Scope Of Mpeg 7 Visual Standard Computer Science Essay

Published: Last Edited:

This essay has been submitted by a student. This is not an example of the work written by our professional essay writers.

We have seen rapid increase in volume of image and video collections. A huge amount of information is available every day in gigabytes. The new visual information is being generated, stored, and transmitted. However, it is very hard to access this visual information unless it is organized in a well-mannered to allow effective browsing, searching and retrieval. Image retrieval has been a very active research and development domain since the early 1970s.

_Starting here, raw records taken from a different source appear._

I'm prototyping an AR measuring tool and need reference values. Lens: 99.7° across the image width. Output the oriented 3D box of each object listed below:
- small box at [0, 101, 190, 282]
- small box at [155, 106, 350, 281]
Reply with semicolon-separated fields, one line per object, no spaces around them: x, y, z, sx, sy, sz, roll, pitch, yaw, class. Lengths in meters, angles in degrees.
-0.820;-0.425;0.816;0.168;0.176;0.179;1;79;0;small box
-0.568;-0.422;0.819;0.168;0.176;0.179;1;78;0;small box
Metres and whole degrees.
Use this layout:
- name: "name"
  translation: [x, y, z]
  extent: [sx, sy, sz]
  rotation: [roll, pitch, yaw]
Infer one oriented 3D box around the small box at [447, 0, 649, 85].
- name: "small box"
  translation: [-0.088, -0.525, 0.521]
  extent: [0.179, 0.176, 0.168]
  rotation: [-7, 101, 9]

During the early 1990s the research on video retrieval became of equal importance. A very popular means for image or video retrieval is to note images or video with text and to use text-based database management systems to perform image retrieval. However text-based notation has important drawbacks when presented with large volumes of images. A notation can in this fact become importantly intensive. Furthermore, since images are valuable in content text may in many applications not be valuable enough to describe images.

To overcome these difficulties in the early 1990s, content-based image retrieval comes up as a promising means for describing and retrieving images. Content-based image retrieval systems describe images by their own visual content rather than text such as color, texture, and shape information.

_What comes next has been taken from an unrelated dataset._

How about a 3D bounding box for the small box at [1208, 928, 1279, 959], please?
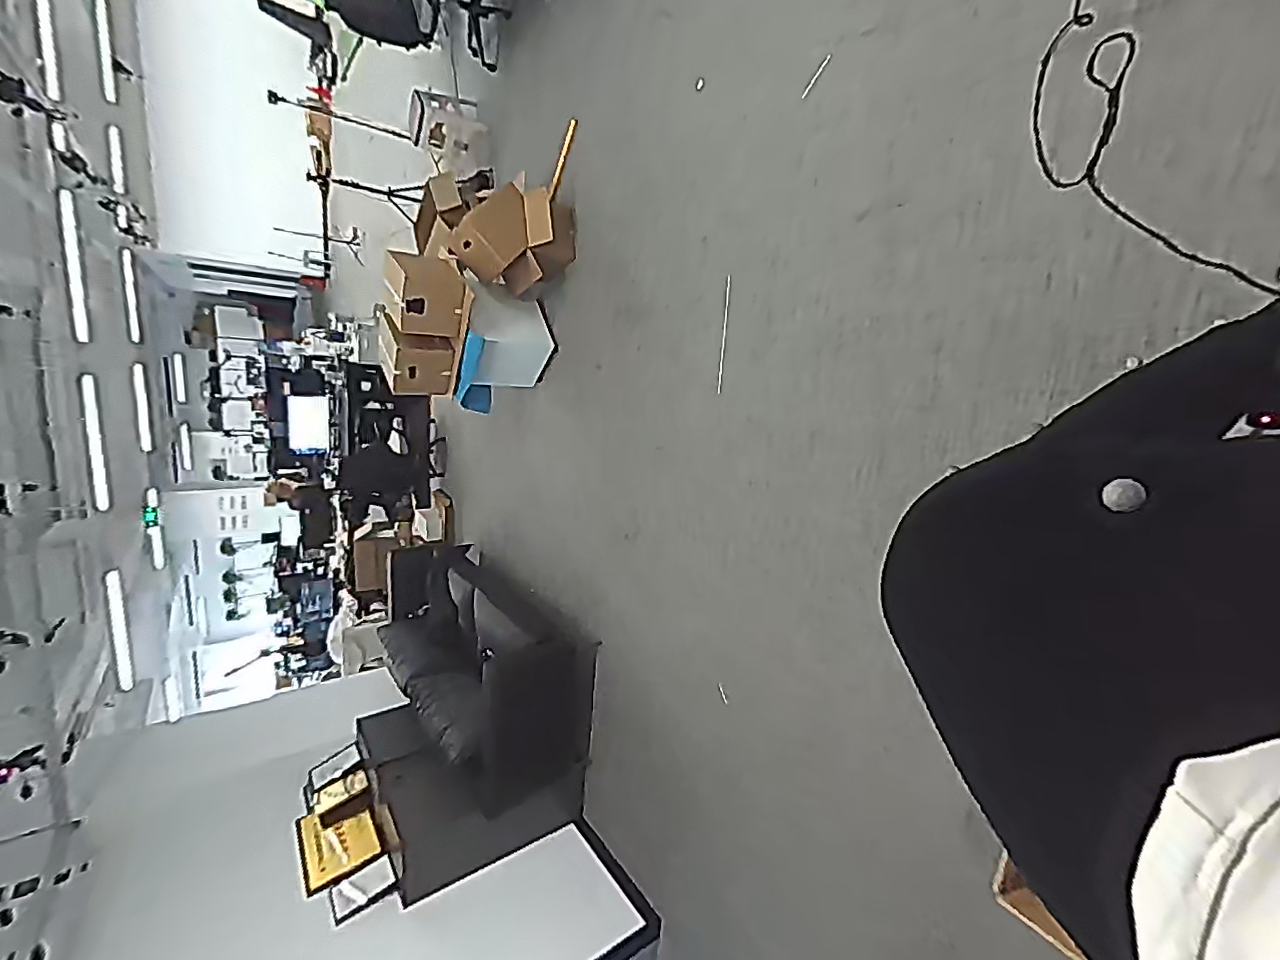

The MPEG-7 standardized description systems that allow users to search, identify, filter and browse content. The purpose of this report to provide overview of MPEG-7 content-based description and retrieval specifications.


The ultimate goal and objective of MPEG-7 visual standard is to provide description of streamed and stored images or videos. Standardized header bits that help users or applications to identify, categorize or filter images or video. These low-level descriptors can be used to compare, filter or browse image or video purely based on nontext visual description content. They will be used differently for different user domains and different application environments.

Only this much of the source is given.